Here is a story about my first Buddhist teacher, Shunryu Suzuki, as recounted by one of his early students: “As I was telling Suzuki Roshi what a disaster my life had become, he began to chuckle. I asked him what I should do. ‘Sit meditation,’ he replied, ‘Life without meditation is like winding your clock without setting it. It runs perfectly well, but it doesn’t tell time.’ “
This story is from Zen Is Right Here, a collection of Suzuki Roshi stories by my good friend and dharma brother David Chadwick. This story took place perhaps fifty years ago, in the early years of Suzuki’s teaching career in America. Suzuki’s first book, Zen Mind, Beginner’s Mind, is still one of the best-selling Buddhist books of all time, but the stories in David’s book capture the informal, spontaneous quality of Suzuki’s conversations with us students that are harder to glean from Suzuki’s formal lectures.
Winding your clock without setting it: the image is quite clear, but the meaning less so. Remember, Suzuki was responding to the student’s description of his life as a “disaster.” Presumably, “winding your clock without setting it” was Suzuki’s way of characterizing that kind of life—a life without grounding, clear direction and focus. I think of Henry Thoreau’s famous dictum, “The mass of men live lives of quiet desperation.” Suzuki acknowledges the way that people do get through life, willy-nilly, by saying “[Your clock] runs perfectly well.” Actually, not so perfectly. Life happens, but it can happen badly. The clock goes the way life goes, but without a foundation it doesn’t perform the most important function of a clock, which is to tell time. So it doesn’t really run perfectly well, it just ticks—perhaps the way a ticking time bomb ticks, waiting for the next disaster to go off.
The implication of Suzuki’s metaphor is that a conscious, spiritually aware life needs a focus, a foundation. Meditation, Suzuki seems to be saying, is a way to ground your life in something real and reliable—like a clock that tells the right time. Suzuki doesn’t say so directly, but I would guess that this “real and reliable” foundation is to be kind, to be a person of good character, and to help others whenever possible. This “life purpose” is summarized by the Buddhist term “bodhisattva.” Literally this term means “being of awakening”; in practice it means someone who devotes their life to the service and welfare of others.
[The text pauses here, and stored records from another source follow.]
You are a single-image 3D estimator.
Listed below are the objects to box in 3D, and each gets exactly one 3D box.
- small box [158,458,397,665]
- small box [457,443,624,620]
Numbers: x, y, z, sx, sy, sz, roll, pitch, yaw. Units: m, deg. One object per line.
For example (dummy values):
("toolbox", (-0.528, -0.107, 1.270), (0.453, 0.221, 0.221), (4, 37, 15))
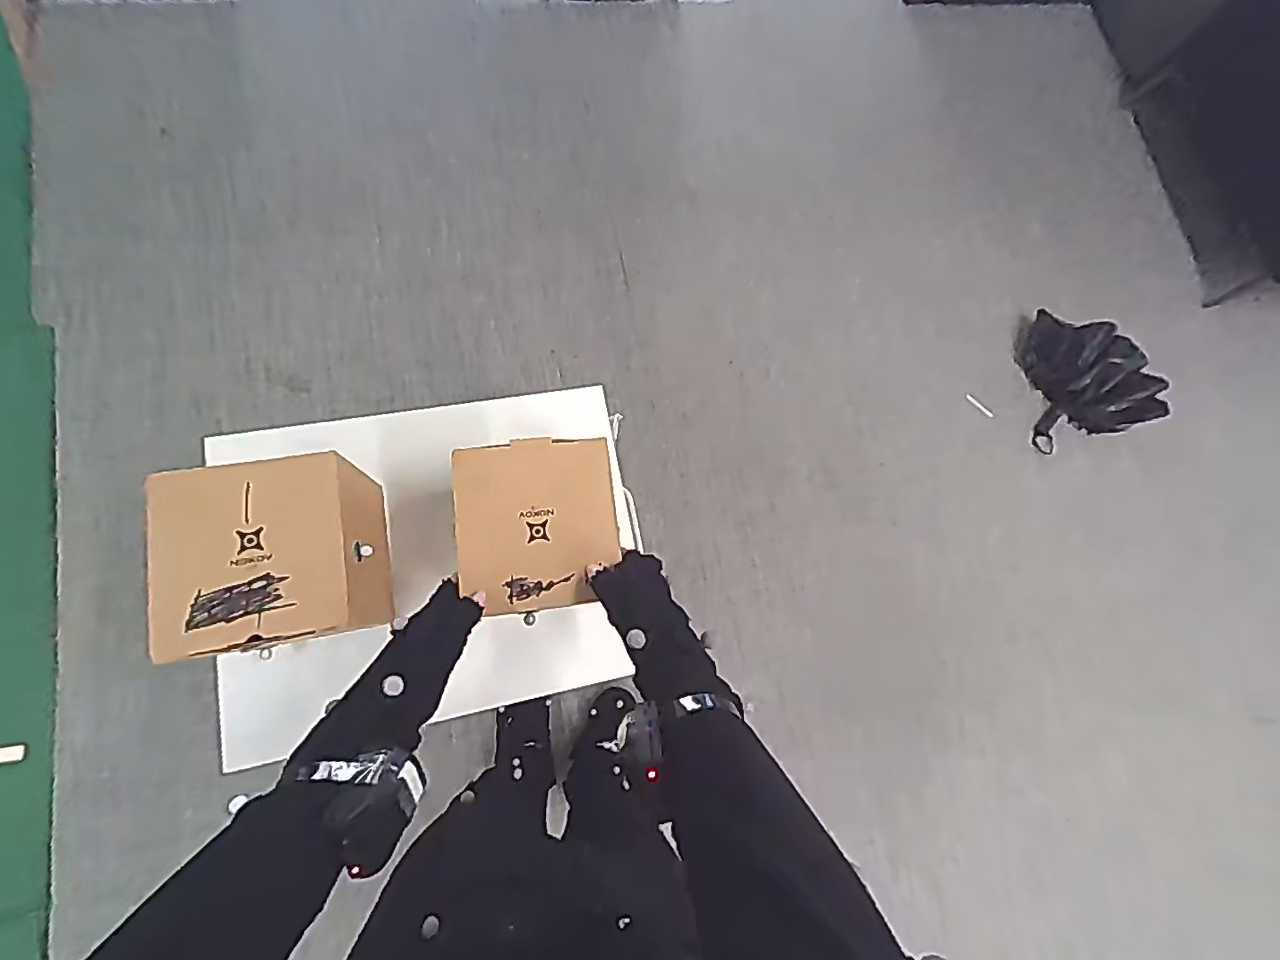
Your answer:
("small box", (-0.379, 0.090, 0.594), (0.168, 0.176, 0.179), (-9, 78, -12))
("small box", (-0.117, 0.068, 0.642), (0.168, 0.176, 0.179), (-5, 77, -9))
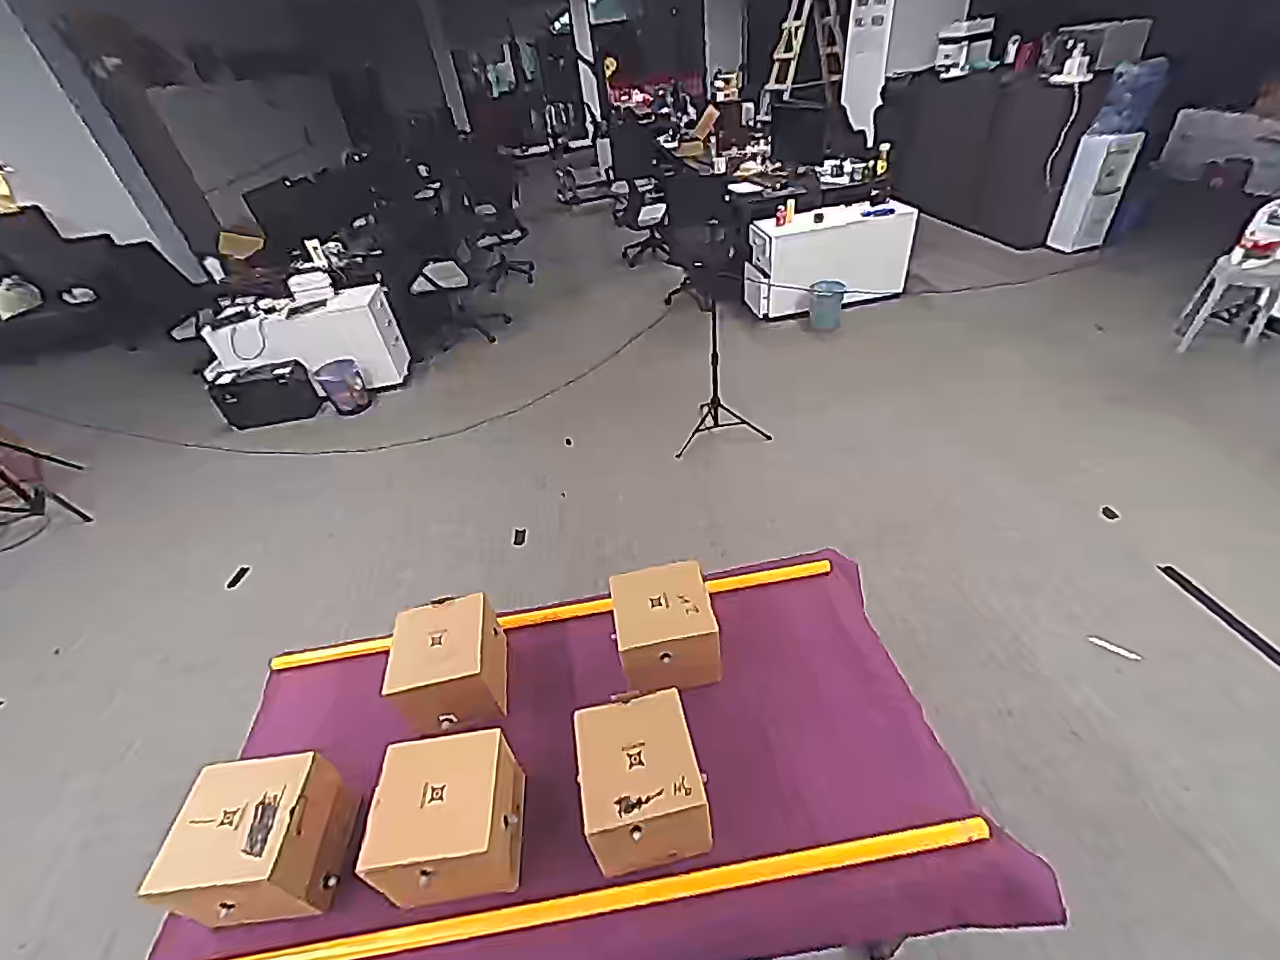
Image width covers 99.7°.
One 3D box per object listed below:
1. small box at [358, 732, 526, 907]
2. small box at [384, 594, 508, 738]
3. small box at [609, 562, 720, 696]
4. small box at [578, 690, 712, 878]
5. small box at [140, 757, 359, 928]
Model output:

Fifty years ago meditation was something exotic and not well known. Today everyone knows about meditation; you can read everywhere how to do it in innumerable books and magazine articles, and there are even smartphone apps to guide you through it. The meditation Suzuki was talking about—although outwardly perhaps similar to what you can read about in a magazine–is somewhat different than that, in the sense that its purpose was not just to be less anxious or distracted, but to establish a fundamental spiritual basis for all of our activity. The regular practice of meditation may not protect you from having a life that is a “disaster,” as Suzuki’s inquiring student’s was, but, even in the midst of that disaster, it can provide a beacon to steer toward, like a distant light in a stormy sea.
What really distinguishes the kind of meditation that can “set your clock” is motivation. One of the first teachings of the Buddha was “right motivation.” Right motivation means dedicating your life activity not just to self-serving or ambitious ends, but to the welfare of everyone. It’s been a common refrain among commentators of contemporary society to say that as a society we have become narcissistic—self-aggrandizing and self-serving, expressed in the saying “do whatever makes you feel good.” A life based on narcissistic goals may seem like just the ticket for getting what you want and seizing all of life’s most desirable prizes. But it isn’t. Sooner or later that kind of life self-sabotages and collapses; it becomes just another “disaster.” What’s worse, narcissists themselves don’t necessarily see it as a disaster; for them everything is fine. It is everyone else around them, those who must work with them or who love them, who see it all too clearly, and feel helpless to intervene.
I don’t know where Suzuki came up with his metaphor of the clock. I was around him a lot in the early days, and he would just come up with them easily and naturally. It was part of his great talent as a spiritual teacher. He didn’t use fancy words, or pontificate, or tell you what to do. “Winding your clock without setting it”—simple, memorable, and on the money. It’s been fifty years since Suzuki died, and a day doesn’t go by that I don’t miss him. When you are young, as I was in those days, you don’t know or recognize the treasure you hold in your hand. Only with the hindsight of years and decades do you realize how rare it was, and how precious.
Thank you.
I see narcissism in some closest to me, and can also see that through some of my actions, they may see it in me as well.
Lovely column, Lew. Thanks for this. Sending good thoughts….Thaisa
Thank you.
It’s a narcissistic age.
I think we all have a narcissistic wound – a wound to being – it’s what we do with it…
I’ve tried to witness this in myself rather than enact it.
And navigating the every day world in a conscious way can be perilous.